Entries shown
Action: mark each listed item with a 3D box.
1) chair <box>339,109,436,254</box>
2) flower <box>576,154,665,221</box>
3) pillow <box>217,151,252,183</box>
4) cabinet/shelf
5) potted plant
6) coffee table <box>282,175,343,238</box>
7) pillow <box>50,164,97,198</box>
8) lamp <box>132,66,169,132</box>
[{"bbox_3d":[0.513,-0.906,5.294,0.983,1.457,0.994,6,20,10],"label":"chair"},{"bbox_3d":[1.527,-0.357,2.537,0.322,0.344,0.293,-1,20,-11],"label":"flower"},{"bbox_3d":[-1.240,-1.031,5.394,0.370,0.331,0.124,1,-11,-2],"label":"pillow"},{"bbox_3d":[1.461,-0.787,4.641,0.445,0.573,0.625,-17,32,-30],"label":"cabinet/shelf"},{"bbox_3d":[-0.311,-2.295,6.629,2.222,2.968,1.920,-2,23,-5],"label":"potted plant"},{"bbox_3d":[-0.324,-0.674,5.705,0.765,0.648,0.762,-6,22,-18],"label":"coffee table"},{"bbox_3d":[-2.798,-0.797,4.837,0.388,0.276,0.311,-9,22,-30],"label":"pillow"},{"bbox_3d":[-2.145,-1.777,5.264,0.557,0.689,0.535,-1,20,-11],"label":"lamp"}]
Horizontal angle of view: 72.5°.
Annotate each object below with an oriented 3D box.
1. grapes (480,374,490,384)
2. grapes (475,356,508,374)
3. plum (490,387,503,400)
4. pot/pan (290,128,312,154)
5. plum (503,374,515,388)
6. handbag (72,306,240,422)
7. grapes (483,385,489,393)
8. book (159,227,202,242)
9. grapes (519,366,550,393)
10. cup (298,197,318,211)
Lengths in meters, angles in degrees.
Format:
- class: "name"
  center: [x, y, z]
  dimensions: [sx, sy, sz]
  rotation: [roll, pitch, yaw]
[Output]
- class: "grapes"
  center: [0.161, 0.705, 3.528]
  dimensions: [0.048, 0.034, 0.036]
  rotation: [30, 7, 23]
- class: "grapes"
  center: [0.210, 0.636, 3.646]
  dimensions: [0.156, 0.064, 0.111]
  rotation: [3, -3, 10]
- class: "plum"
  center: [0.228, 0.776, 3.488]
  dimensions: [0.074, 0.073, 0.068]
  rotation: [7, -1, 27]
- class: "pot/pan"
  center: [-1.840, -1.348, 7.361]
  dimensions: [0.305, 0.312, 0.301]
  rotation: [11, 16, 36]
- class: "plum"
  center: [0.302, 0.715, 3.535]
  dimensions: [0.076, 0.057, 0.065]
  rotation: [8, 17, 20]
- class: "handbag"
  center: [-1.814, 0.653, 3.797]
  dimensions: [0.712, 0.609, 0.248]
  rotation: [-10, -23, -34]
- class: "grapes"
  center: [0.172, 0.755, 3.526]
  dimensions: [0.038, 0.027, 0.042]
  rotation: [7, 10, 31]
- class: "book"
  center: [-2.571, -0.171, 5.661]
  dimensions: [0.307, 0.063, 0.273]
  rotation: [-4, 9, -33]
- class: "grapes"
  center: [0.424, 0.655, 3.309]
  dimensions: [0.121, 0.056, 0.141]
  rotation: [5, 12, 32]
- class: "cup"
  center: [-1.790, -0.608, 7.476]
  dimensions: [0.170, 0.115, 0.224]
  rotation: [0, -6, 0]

Task requirements
Restate the data verbatim through the "1. grapes (480,374,490,384)" line.

Response
Action: mark each listed item with a 3D box.
1) chair <box>339,109,436,254</box>
2) flower <box>576,154,665,221</box>
3) pillow <box>217,151,252,183</box>
4) cabinet/shelf
5) potted plant
6) coffee table <box>282,175,343,238</box>
7) pillow <box>50,164,97,198</box>
8) lamp <box>132,66,169,132</box>
[{"bbox_3d":[0.513,-0.906,5.294,0.983,1.457,0.994,6,20,10],"label":"chair"},{"bbox_3d":[1.527,-0.357,2.537,0.322,0.344,0.293,-1,20,-11],"label":"flower"},{"bbox_3d":[-1.240,-1.031,5.394,0.370,0.331,0.124,1,-11,-2],"label":"pillow"},{"bbox_3d":[1.461,-0.787,4.641,0.445,0.573,0.625,-17,32,-30],"label":"cabinet/shelf"},{"bbox_3d":[-0.311,-2.295,6.629,2.222,2.968,1.920,-2,23,-5],"label":"potted plant"},{"bbox_3d":[-0.324,-0.674,5.705,0.765,0.648,0.762,-6,22,-18],"label":"coffee table"},{"bbox_3d":[-2.798,-0.797,4.837,0.388,0.276,0.311,-9,22,-30],"label":"pillow"},{"bbox_3d":[-2.145,-1.777,5.264,0.557,0.689,0.535,-1,20,-11],"label":"lamp"}]
Horizontal angle of view: 72.5°.
Annotate each object below with an oriented 3D box.
1. grapes (480,374,490,384)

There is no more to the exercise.